Even if people were unenthusiastic about being taken over by a bus company we were free to enthuse about the railway and the new fares and services on offer.
‘Just a minute. I’ll have to adjust the sound levels you sound so enthusiastic,’ a lugubrious BBC producer told Andy Milne later that afternoon at Southern Counties Radio.
People like Mac Mackintosh and Richard Brown were railwaymen through and through. In the past this had unnerved the department but the private sector warmed to them. Businesses can be built by employing people of vision working in an industry they adore. Passenger numbers soared to pre-1948 levels. Stations and tracks reopened; freight tonnages powered up. It became virtually politically impossible to resist calls for a high speed rail network. Trains in 100 different liveries took to the metals.
The system is far from perfect and mistakes are still made. But the energy and enthusiasm of the people who make up the industry remains undimmed. The railway plays a central part in the economic regeneration of Britain. If privatisation caught BR unawares so has the unfolding future packed with promise and opportunity. Even so the people who make up the industry will be taking it in their stride. The short comings of railway franchising are, even as you read this, being addressed by one, Richard Brown, long term witness of this parish.

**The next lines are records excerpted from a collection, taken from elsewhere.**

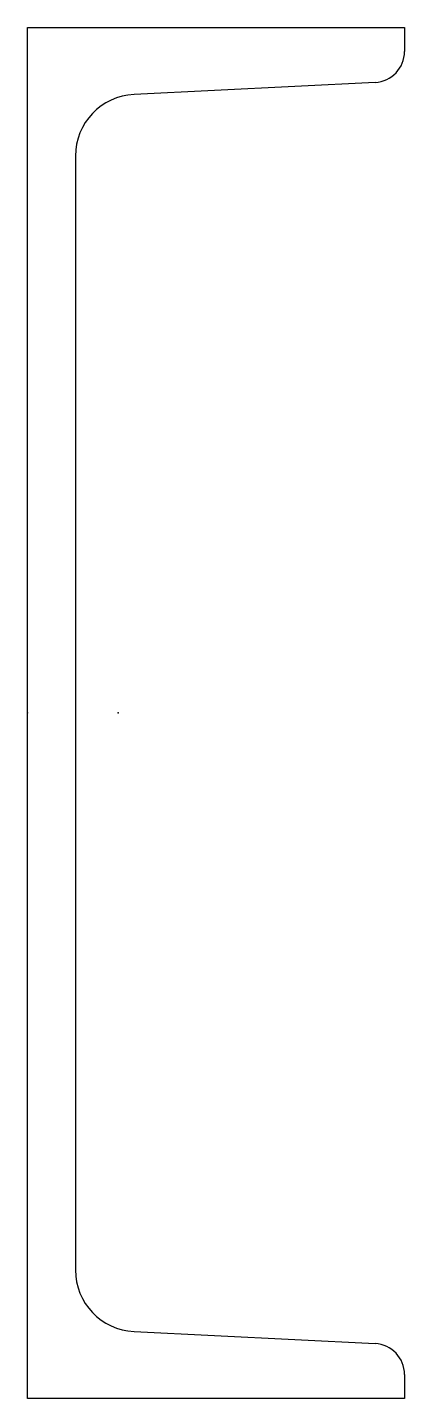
# Model space of a CAD drawing. Header units: millimetres. Extents: x 0 to 110, y 0 to 400.
import ezdxf

# ---------------------------------------------------------------- set-up
doc = ezdxf.new("R2010")
doc.units = ezdxf.units.MM
doc.layers.add('Profile', color=7, linetype='Continuous')

msp = doc.modelspace()

# ---------------------------------------------------------------- linework, layer by layer
at = {"layer": 'Profile'}
for p, q in [((0, 400), (110, 400)), ((0, 0), (0, 400)), ((110, 400), (110, 392.96)), ((101.45, 383.97), (31.1, 380.46)), ((14, 362.48), (14, 37.52)), ((31.1, 19.54), (101.45, 16.03)), ((110, 7.04), (110, 0)), ((110, 0), (0, 0))]:
    msp.add_line(p, q, dxfattribs=at)
for centre, radius, start, end in [((101, 392.96), 9, 272.86, 0), ((32, 362.48), 18, 92.86, 180), ((32, 37.52), 18, 180, 267.14), ((101, 7.04), 9, 0, 87.14)]:
    msp.add_arc(centre, radius, start, end, dxfattribs=at)
for p in [(0, 200), (26.5, 200)]:
    msp.add_point(p, dxfattribs=at)

doc.saveas('drawing.dxf')

This is a bit too enthusiastic. Growth has been spectacular but then so has growth in population, traffic congestion on the roads and, for the first fifteen years of privatisation, the economy too.
It also glosses over the huge growth in interface costs from the fragmented structure we’ve built.
There is also no mention of perhaps the worst mistake of privatisation, the disposal of the universally-known and popular Inter City brand, and the brand values of a premium experience. The service is now run largely by a collection of bus companies, with their bums-on-seats mentality. They’ve dutifully provided the seats, at premium cost, but have done away with the premium service, so those seats don’t come with tables, windows or a buffet car for their occupants.
That IC livery still looks smart – better than most of the cereal packet schemes we’ve seen since.
The other problem with privatisation is that there wasn’t a single passenger business; there were four or five. The intercity services were profitable; and Network south-east was at least solvent. The main subsidy drain was the provincial services, like the north – which covered a quarter of their costs – and then the isolated rural services, which covered a tenth of their costs (though no-one said that very loudly).
Also, the real problem of separating the network from the operator was that you still needed a subsidy for a lot of the network. Rail is unusual as a transport mode in that a very high weight of its costs is tied up in the provision of the infrastructure – far more so than for aviation or shipping. Anyway – Britain didn’t have one railway network, it had (in business terms) four or five – and any re-organisation should have worked along those lines.